- **Data for the task**

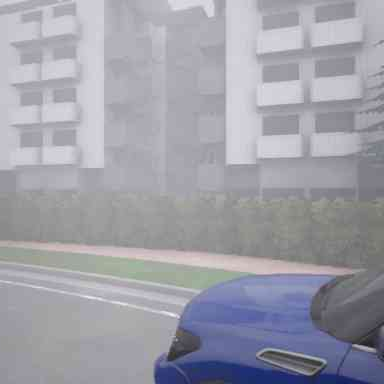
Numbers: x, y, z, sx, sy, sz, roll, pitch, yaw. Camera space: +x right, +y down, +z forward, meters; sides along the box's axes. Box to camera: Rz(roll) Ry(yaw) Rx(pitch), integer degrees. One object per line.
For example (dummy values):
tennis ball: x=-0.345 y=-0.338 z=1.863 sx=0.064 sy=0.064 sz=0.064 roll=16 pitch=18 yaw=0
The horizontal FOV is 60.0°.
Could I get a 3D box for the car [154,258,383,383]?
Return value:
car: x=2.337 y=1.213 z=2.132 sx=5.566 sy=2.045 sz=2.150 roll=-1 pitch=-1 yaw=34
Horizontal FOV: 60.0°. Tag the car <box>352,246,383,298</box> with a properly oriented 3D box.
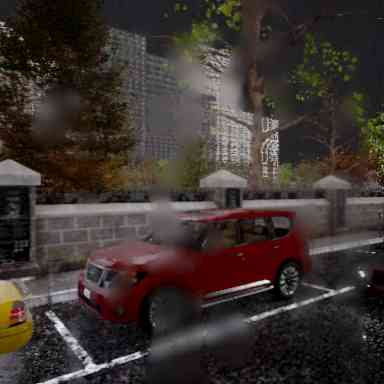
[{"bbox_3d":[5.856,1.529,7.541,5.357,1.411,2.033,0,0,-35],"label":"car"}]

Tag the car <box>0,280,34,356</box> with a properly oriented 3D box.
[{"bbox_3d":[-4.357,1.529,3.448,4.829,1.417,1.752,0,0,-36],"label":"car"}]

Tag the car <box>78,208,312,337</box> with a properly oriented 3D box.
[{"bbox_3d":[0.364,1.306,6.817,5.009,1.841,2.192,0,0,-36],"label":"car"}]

...

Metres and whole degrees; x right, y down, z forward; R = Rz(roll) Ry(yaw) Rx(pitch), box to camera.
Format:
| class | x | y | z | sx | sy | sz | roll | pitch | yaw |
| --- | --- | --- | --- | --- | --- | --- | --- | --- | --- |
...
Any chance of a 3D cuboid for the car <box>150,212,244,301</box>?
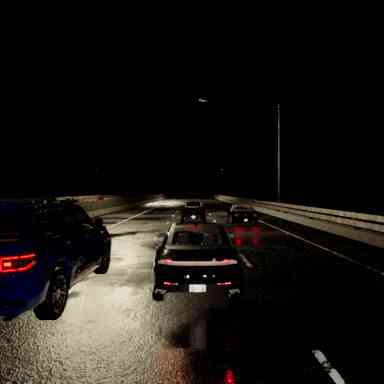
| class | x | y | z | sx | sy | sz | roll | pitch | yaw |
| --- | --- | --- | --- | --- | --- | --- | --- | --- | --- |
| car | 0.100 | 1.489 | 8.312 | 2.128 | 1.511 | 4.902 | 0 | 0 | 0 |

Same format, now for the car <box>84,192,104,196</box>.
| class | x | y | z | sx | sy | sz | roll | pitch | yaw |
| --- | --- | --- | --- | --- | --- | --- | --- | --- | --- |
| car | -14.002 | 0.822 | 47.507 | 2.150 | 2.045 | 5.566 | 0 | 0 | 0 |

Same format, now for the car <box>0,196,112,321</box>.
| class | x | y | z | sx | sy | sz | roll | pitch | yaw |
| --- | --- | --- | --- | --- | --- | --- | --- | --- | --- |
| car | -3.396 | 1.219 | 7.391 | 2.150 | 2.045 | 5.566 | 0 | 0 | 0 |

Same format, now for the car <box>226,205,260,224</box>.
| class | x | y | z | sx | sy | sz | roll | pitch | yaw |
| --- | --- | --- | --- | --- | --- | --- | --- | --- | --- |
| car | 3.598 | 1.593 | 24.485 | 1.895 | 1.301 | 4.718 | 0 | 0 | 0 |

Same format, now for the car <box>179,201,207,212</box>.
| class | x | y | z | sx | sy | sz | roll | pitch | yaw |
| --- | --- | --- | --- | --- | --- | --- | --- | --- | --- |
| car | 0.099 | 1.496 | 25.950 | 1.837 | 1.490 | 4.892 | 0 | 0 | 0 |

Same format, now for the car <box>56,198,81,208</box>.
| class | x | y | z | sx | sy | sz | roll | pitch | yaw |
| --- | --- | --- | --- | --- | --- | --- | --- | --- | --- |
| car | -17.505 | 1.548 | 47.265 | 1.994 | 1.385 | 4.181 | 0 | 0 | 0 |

- **What is being asked**
Copy whichever lines in the listing above contain the word "down".

- **Written reply**
Numbers: x, y, z, sx, sy, sz, roll, pitch, yaw. Camera space: +x right, +y down, +z forward, meters; sides along the box's axes. Box to camera: Rz(roll) Ry(yaw) Rx(pitch), integer degrees. One object per line.
Metres and whole degrees; x right, y down, z forward; R = Rz(roll) Ry(yaw) Rx(pitch), box to camera.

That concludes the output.